The first wave came easily, as half a bottle and a handful of chia seeds poured out. I rested my head against the seat. The battle inside me subsided. Nothing else was coming out. My breath smelled acrid and stale, and my tongue felt furry. I briefly wondered if I could get a yeast infection in my mouth.

I tried to chug the rest of the remaining bottles and quickly realized my experiment was done. My body was finished being filled up with fetid liquid, and my BAC was back to zero. In total, I’d consumed roughly three-quarters of a gallon of kombucha, and kept the majority of it down. Translating to real alcohol, that’s a little less than a single beer. And I puked. What a lightweight.

I poured the remaining kombucha into an empty bottle of water, and discovered that one bottle contained a big chunk of something slippery and brown. This is called scoby, a colony of bacteria and yeast, a piece of which was now floating somewhere in the recesses of my body.
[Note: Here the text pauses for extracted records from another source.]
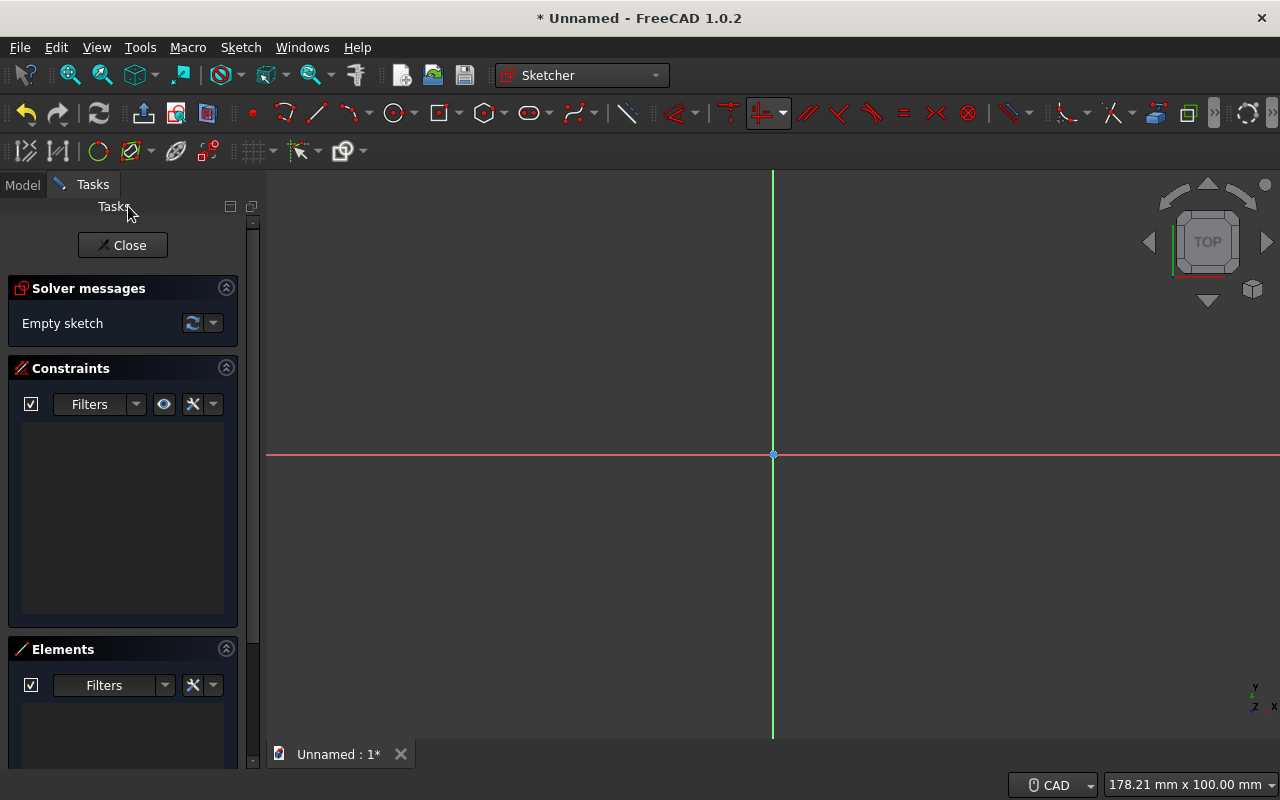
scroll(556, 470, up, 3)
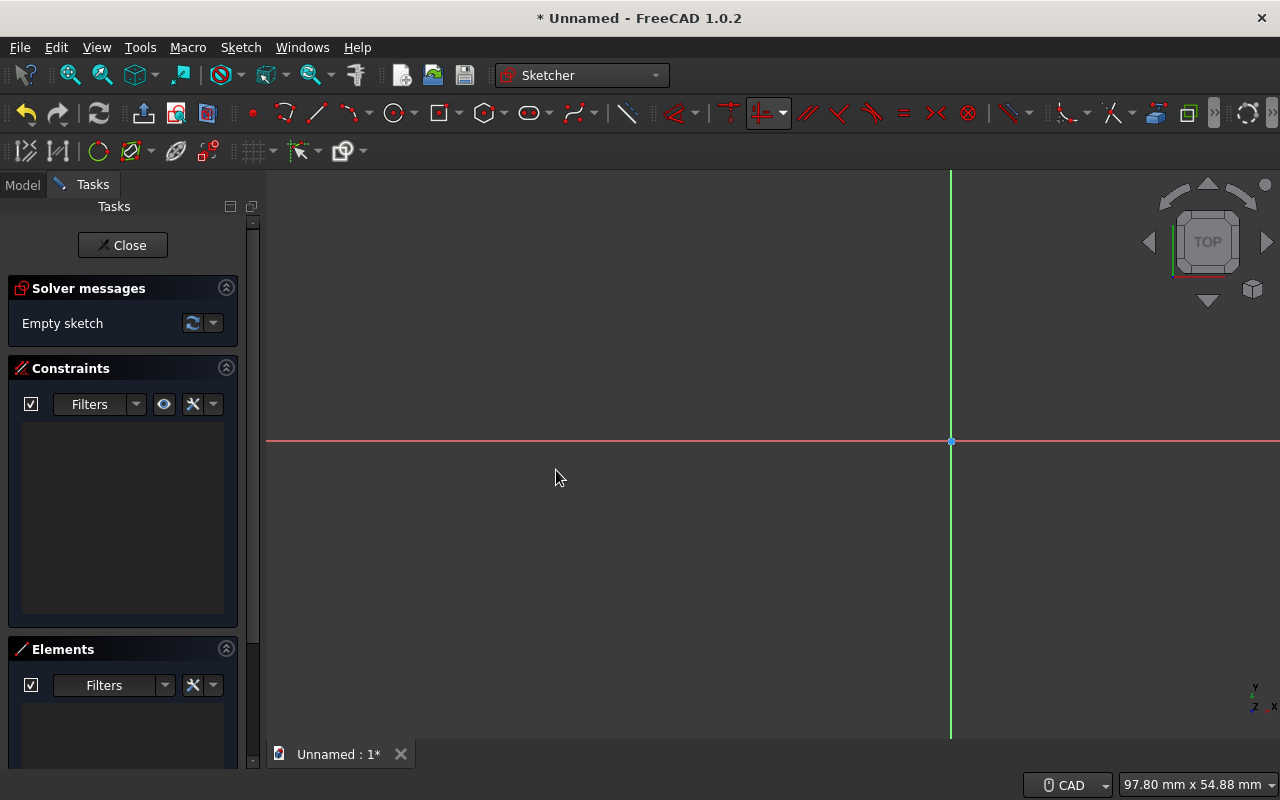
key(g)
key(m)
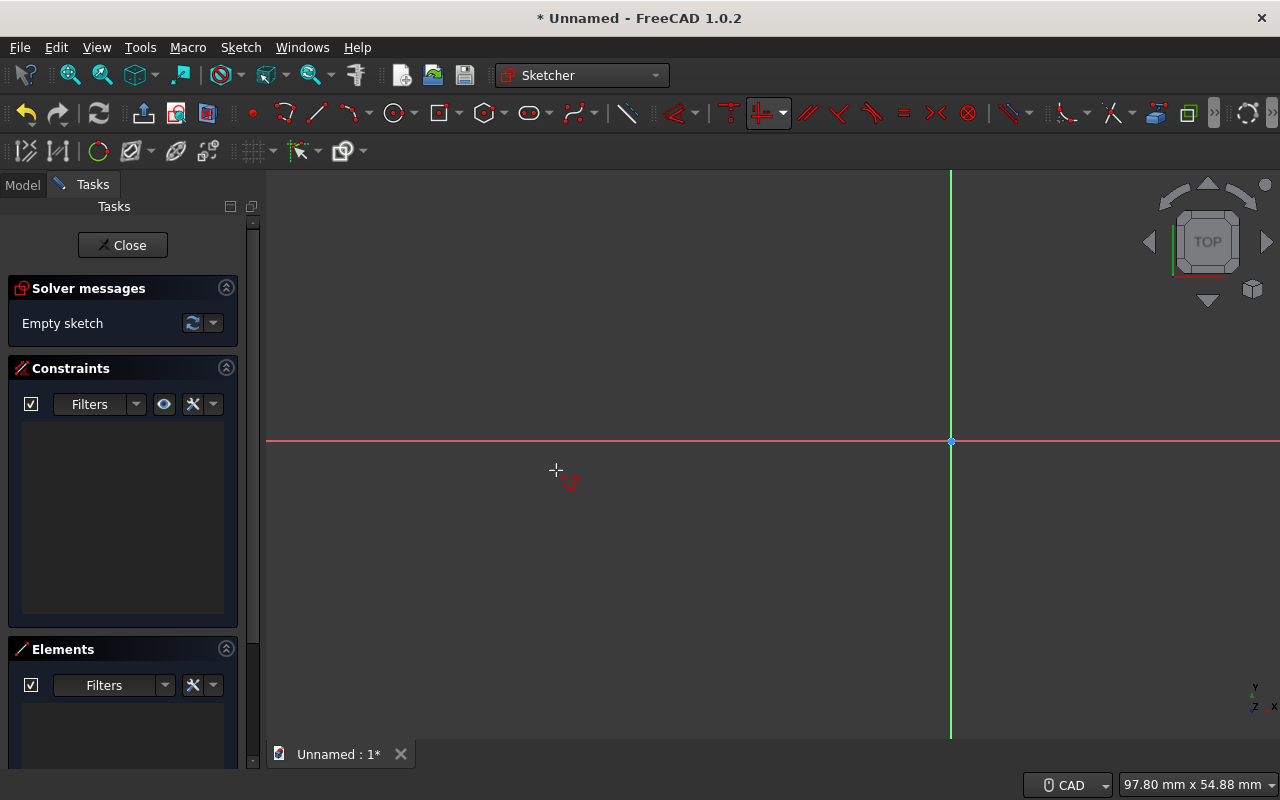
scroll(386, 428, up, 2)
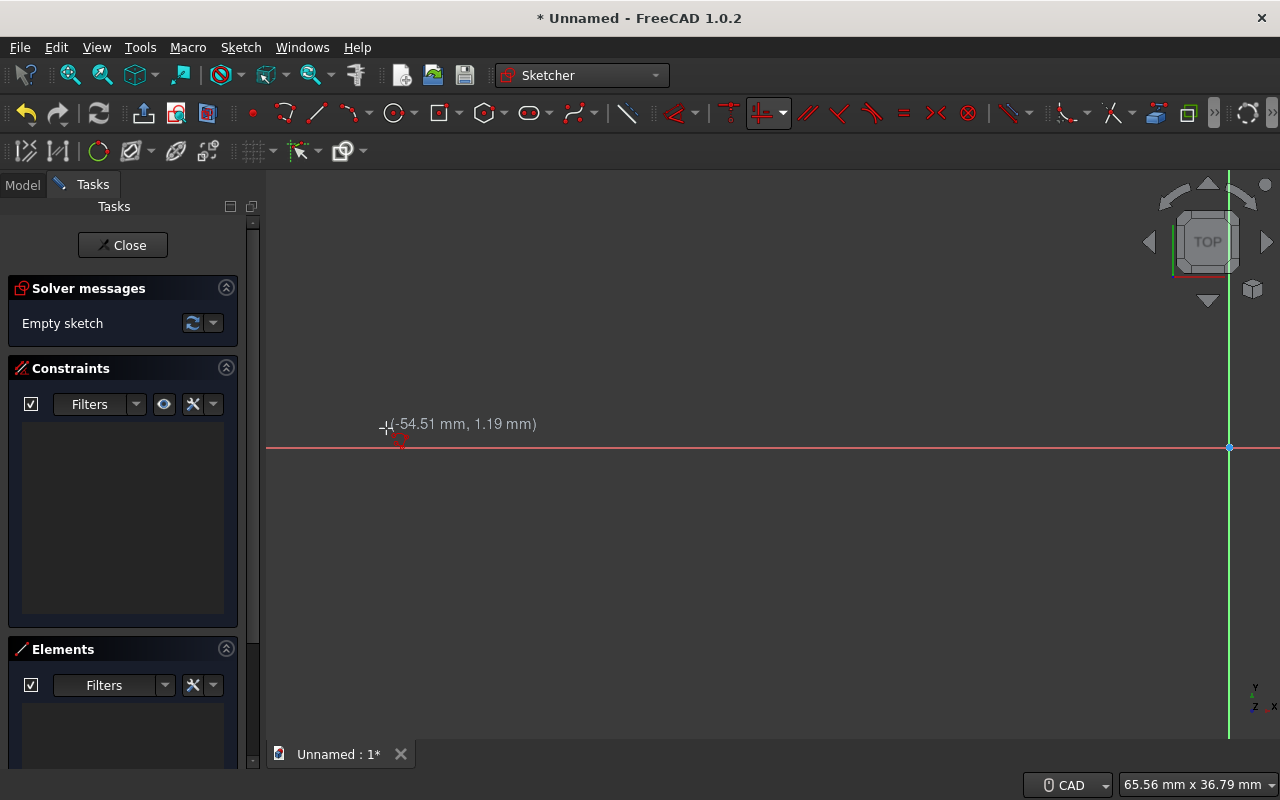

I put it out of my mind.

That night, I tried to sleep, but my body had been commandeered into a gas factory. Every 20 minutes I’d have smelly, noxious air pumped out in one direction or the other. The next day at work, I spent a quarter of the day shitting, and another quarter working from my phone as wet, deafening farts shook the only good bathroom in our office.

So, final verdict on drinking almost a gallon of noxious fermented tea just to break a blood alcohol level of 0.01? I wouldn’t recommend it.